Crowley, 65, has been with CNN  since 1987. Currently she hosts its weekly Sunday show "State of the Union." Earlier  she worked for the Associated Press and NBC and has, at this point, covered nine presidential campaigns as well as many other political races.

Before discussing her career on the Washington DC scene, however, Crowley paid homage to Michigan, "which is home to me, where my soul belongs."

She was born in Kalamazoo, her grandfather worked in a South Haven canning factory, she recalled childhood summers up north, using flashlights to find night crawlers. The family still has property in the Sleeping Bear Bay Area, where she vacations ...  singing Saginaw songs as she passes on her way driving there.

In her hour-long talk, Crowley admitted that yes the U.S. Congress is frustrating. But she also laid the blame on those of us seated before her, the voters of United States.

We like to congregate with people like us, she said, hence redistricting every six years to "assure" one party or the other seats in the Congress. In the last election, she said,  245 of the House members were elected by 60% or more of the vote. "So they feel no need to compromise."

Voters in the midterm Congressional elections use their anger at whomever is president at the time, she said, sweeping his party out "in droves." And in particular lately sweeping out anybody who is a moderate "whose survival rested in reaching across the aisle. The center in Congress has shrunk and almost disappeared.

"It's who we vote for that has helped lead to this dysfunction," the award-winning journalist told her audience.

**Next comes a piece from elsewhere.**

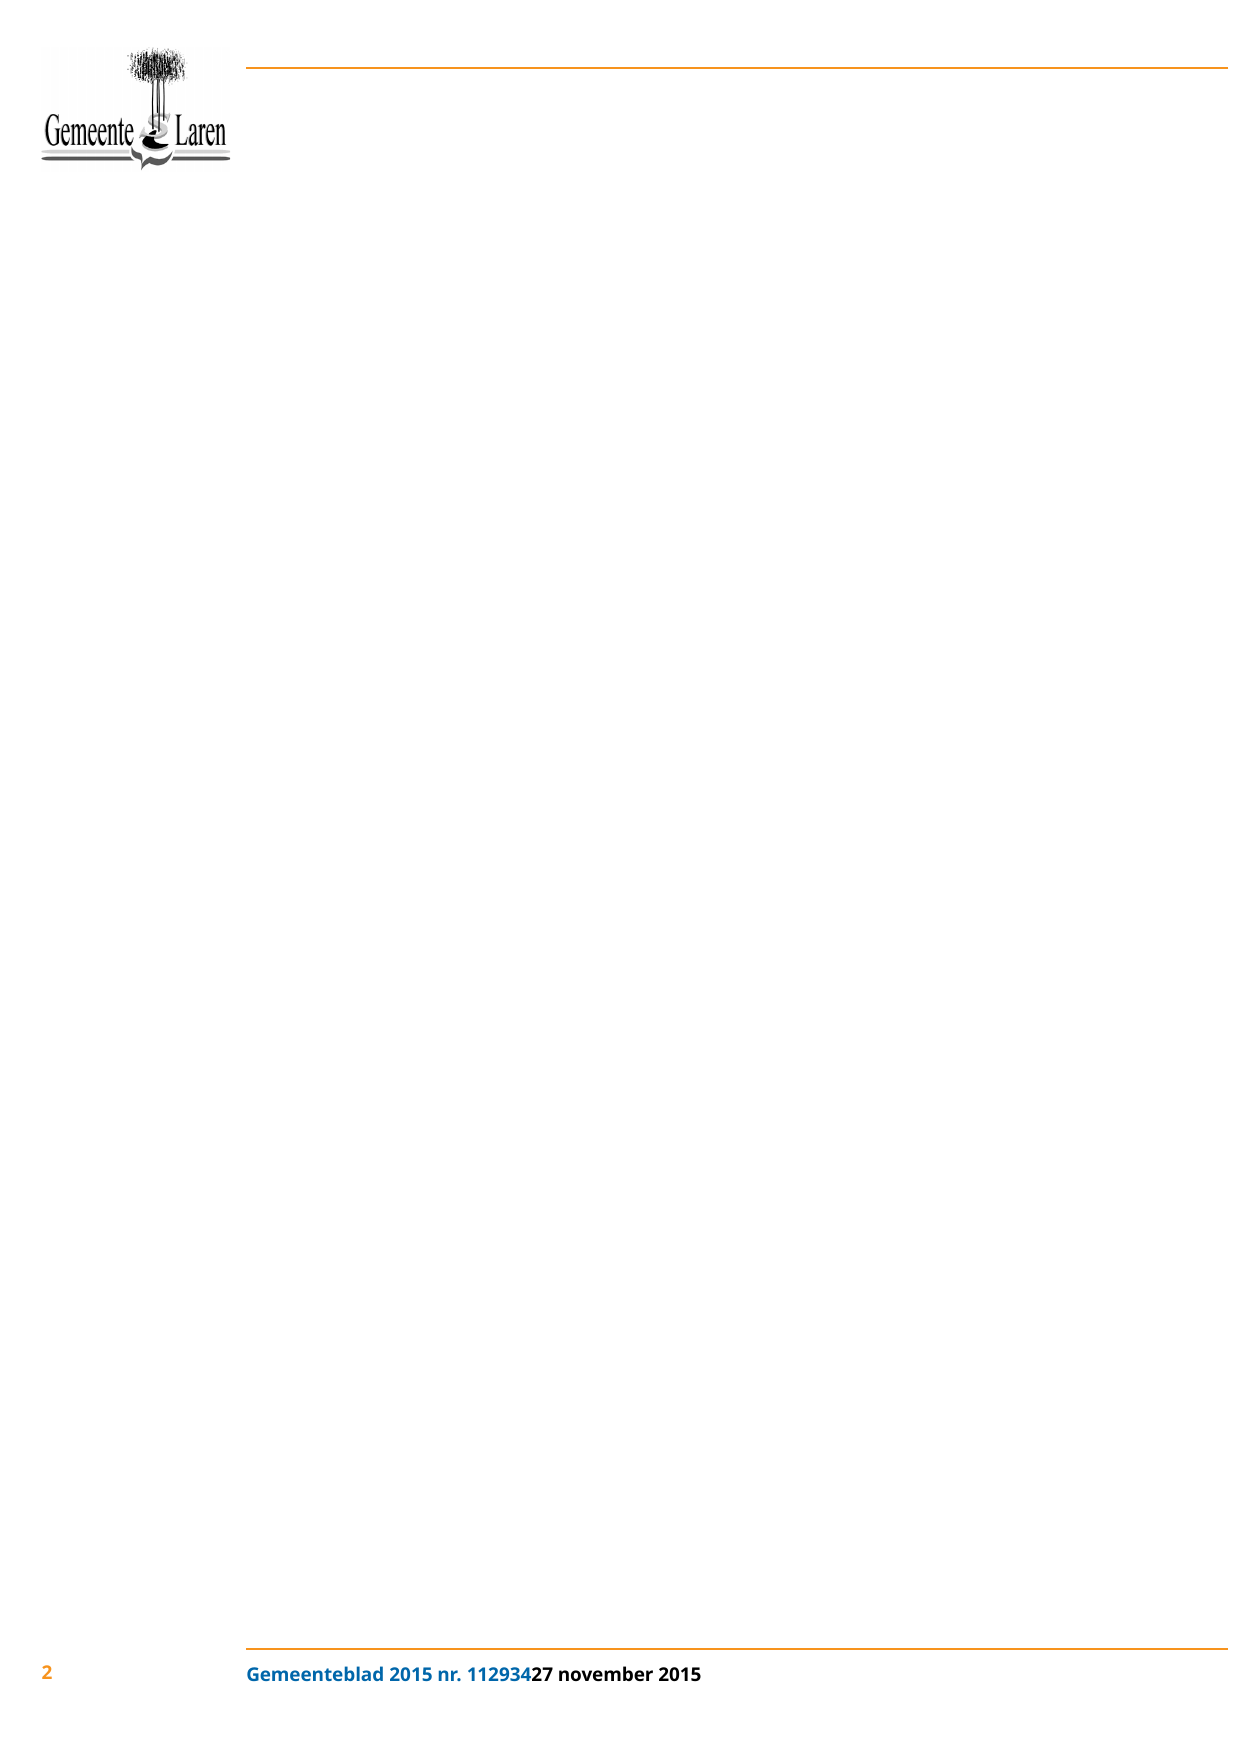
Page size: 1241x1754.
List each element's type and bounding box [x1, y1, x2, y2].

picture [41, 47, 231, 172]

And adding to the problem, she said, is the pure economics of living in Washington DC. House members face reelection every two years, she said. At one time they moved their families to Washington DC and stayed there most weekends. But with the rising cost of living in that town, most of them leave their families back home and go back there every  weekend and increasingly for extended recesses.

"This results is them not knowing each other except when they are on the floor and yelling at each other; instead of attending their children's baseball games  together.  If they stayed in DC they would connect with each other and not demonize each other."

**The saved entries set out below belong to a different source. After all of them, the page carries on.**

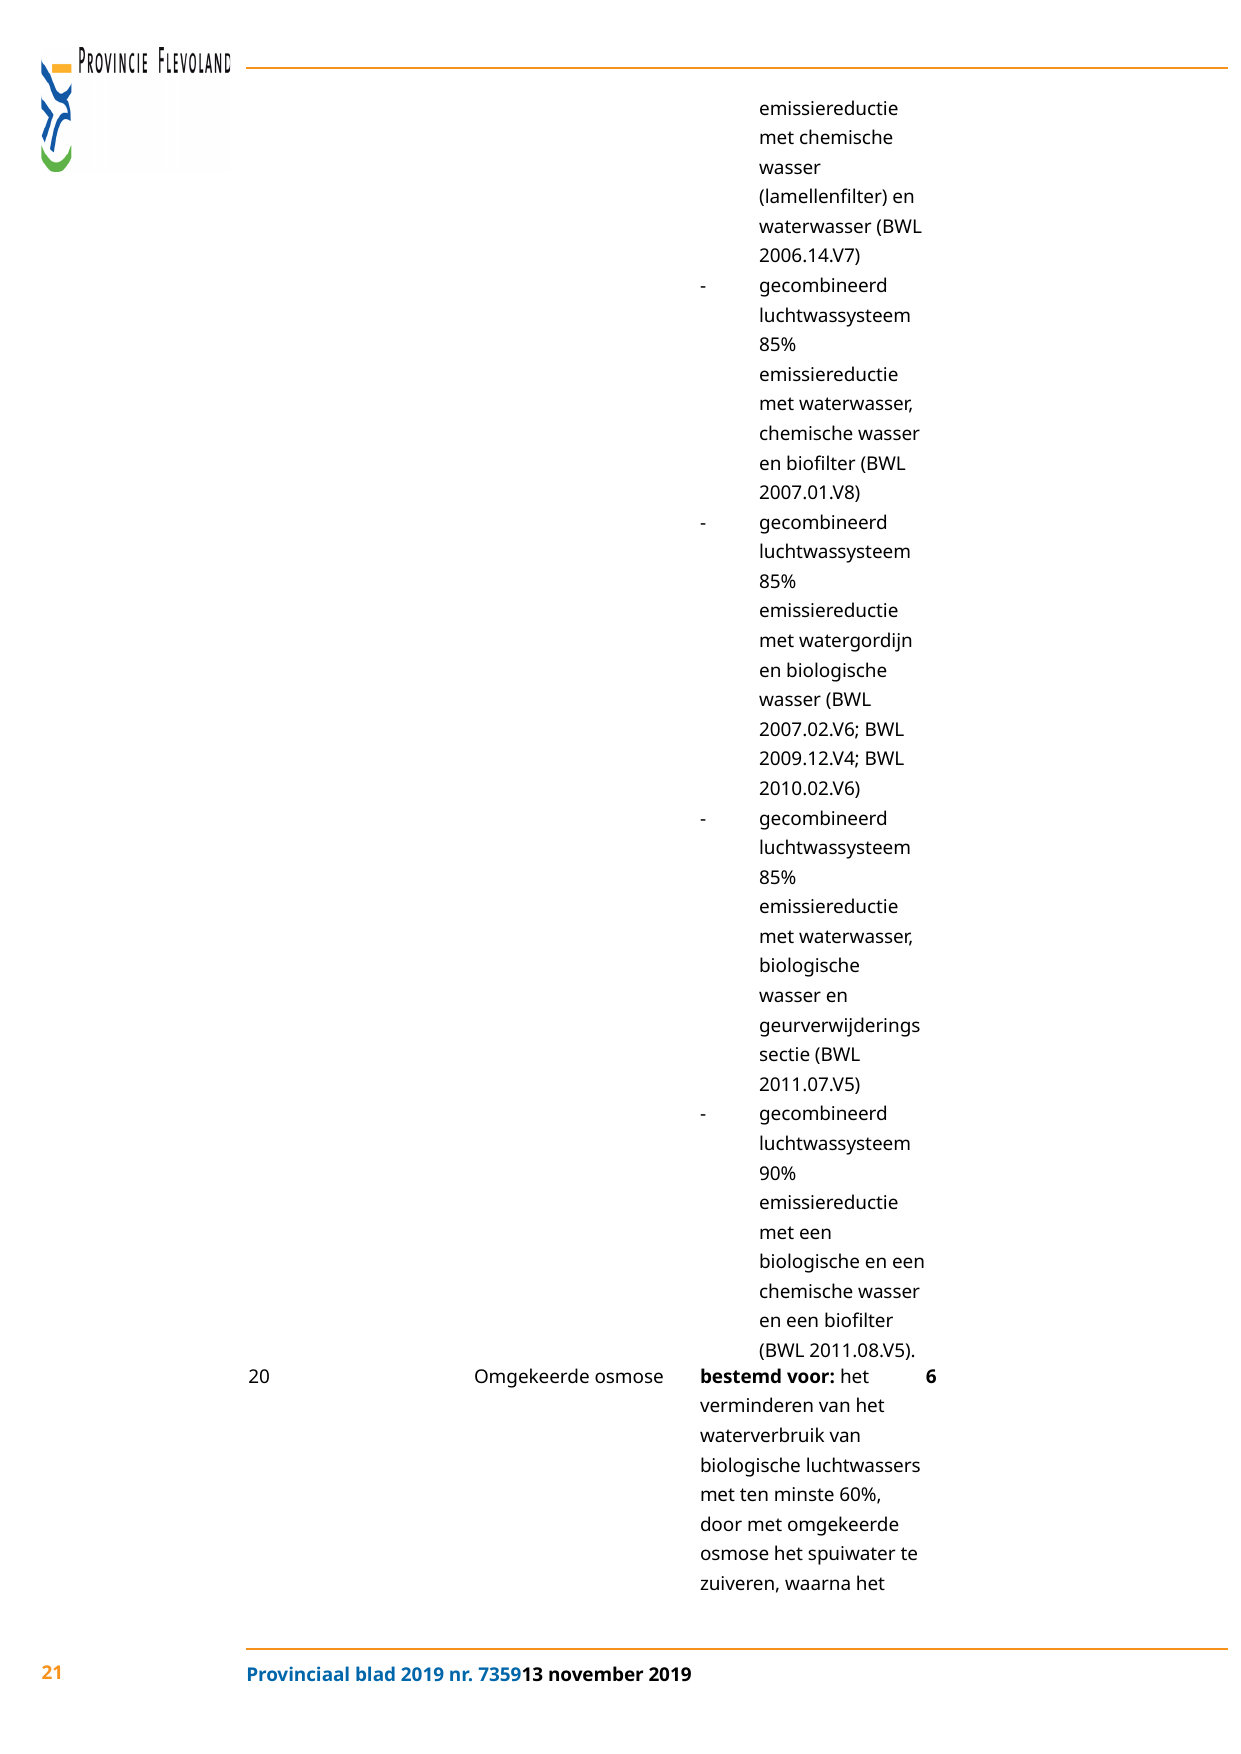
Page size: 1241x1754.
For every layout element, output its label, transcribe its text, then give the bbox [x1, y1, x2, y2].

picture [41, 47, 231, 172]
table_cell Omgekeerde osmose [474, 1363, 700, 1596]
table_cell bestemd voor: het verminderen van het waterverbruik van biologische luchtwassers met ten minste 60%, door met omgekeerde osmose het spuiwater te zuiveren, waarna het [700, 1363, 926, 1596]
table_cell emissiereductie met chemische wasser (lamellenfilter) en waterwasser (BWL 2006.14.V7) gecombineerd luchtwassysteem 85% emissiereductie met waterwasser, chemische wasser en biofilter (BWL 2007.01.V8) gecombineerd luchtwassysteem 85% emissiereductie met watergordijn en biologische wasser (BWL 2007.02.V6; BWL 2009.12.V4; BWL 2010.02.V6) gecombineerd luchtwassysteem 85% emissiereductie met waterwasser, biologische wasser en geurverwijderingssectie (BWL 2011.07.V5) gecombineerd luchtwassysteem 90% emissiereductie met een biologische en een chemische wasser en een biofilter (BWL 2011.08.V5). [700, 95, 926, 1363]
table_cell [926, 95, 1152, 1363]
table_cell 20 [248, 1363, 474, 1596]
table_cell [248, 95, 474, 1363]
table_cell [474, 95, 700, 1363]
table_cell 6 [926, 1363, 1152, 1596]

She recalled the bonding and bill-passing legacy of senators Dick Lugar, an Indiana Republican, and Patrick Leahy, a Vermont Democrat, whose families knew each other because they lived in DC. Their children even bought back to back homes in Virginia, "so it became a bipartisan playground. That just doesn't happen anymore. They learned to trust each other by being with each other, and if you can't trust each other then compromise won't get done."

These days it is often a nightmare to book her Sunday show, she said,  "because invited guests tell me, 'I won't sit there with so and so.' That's not good. It's a failure to understand. That kind of thinking does not work in the world of business."

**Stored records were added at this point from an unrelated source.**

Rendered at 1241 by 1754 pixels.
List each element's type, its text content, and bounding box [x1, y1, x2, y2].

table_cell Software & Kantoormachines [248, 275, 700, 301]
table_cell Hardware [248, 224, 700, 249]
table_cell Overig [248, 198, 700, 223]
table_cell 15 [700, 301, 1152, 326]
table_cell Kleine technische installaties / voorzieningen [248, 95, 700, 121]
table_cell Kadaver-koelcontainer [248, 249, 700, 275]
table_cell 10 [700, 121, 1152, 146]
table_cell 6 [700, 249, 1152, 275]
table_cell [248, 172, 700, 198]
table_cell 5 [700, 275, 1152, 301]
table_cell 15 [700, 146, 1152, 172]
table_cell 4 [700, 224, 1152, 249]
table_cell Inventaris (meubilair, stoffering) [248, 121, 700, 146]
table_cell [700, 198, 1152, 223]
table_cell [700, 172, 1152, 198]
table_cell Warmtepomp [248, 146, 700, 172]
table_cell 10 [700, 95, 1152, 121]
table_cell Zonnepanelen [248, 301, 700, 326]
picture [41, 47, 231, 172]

In frustration, she says, more and more centrist congressional members are not running for office again, including four from Michigan (Sen. Carl Levin, Reps. Dave Camp, Mike Rogers and John Dingell). "With those four who are retiring, Michigan will lose 139 years of experience."

She also challenged the rise of the 24  hour news cycle which speeds everything up,  with news organizations more interested in getting the short, snappy sound bite first at the expense of researched detail.

"It leads to snap judgments. It sets up sides immediately. We don't think before we speak." 

Instead, she is a proponent of longer interviews, so viewers can get to know the personalities rather than the flat characters of the people she talks to. "That way people learn to disagree yes but at least respect the place where this person is coming from when they have found out how they came to that place."

Crowley advised her listeners to never watch just one network or read just one newspaper, "ones that reflect your own opinions. Get beyond your comfort levels." She is saddened that the most strident and one-sided networks get the highest ratings.

Not wanting to leave her audience in a downer mood, she said after 30 years of covering Washington DC, "the parts are better than the whole. Most of your congressmen want to do what is right, they try to do a good job, they love their country.

"The people you send to Congress by and large are good people."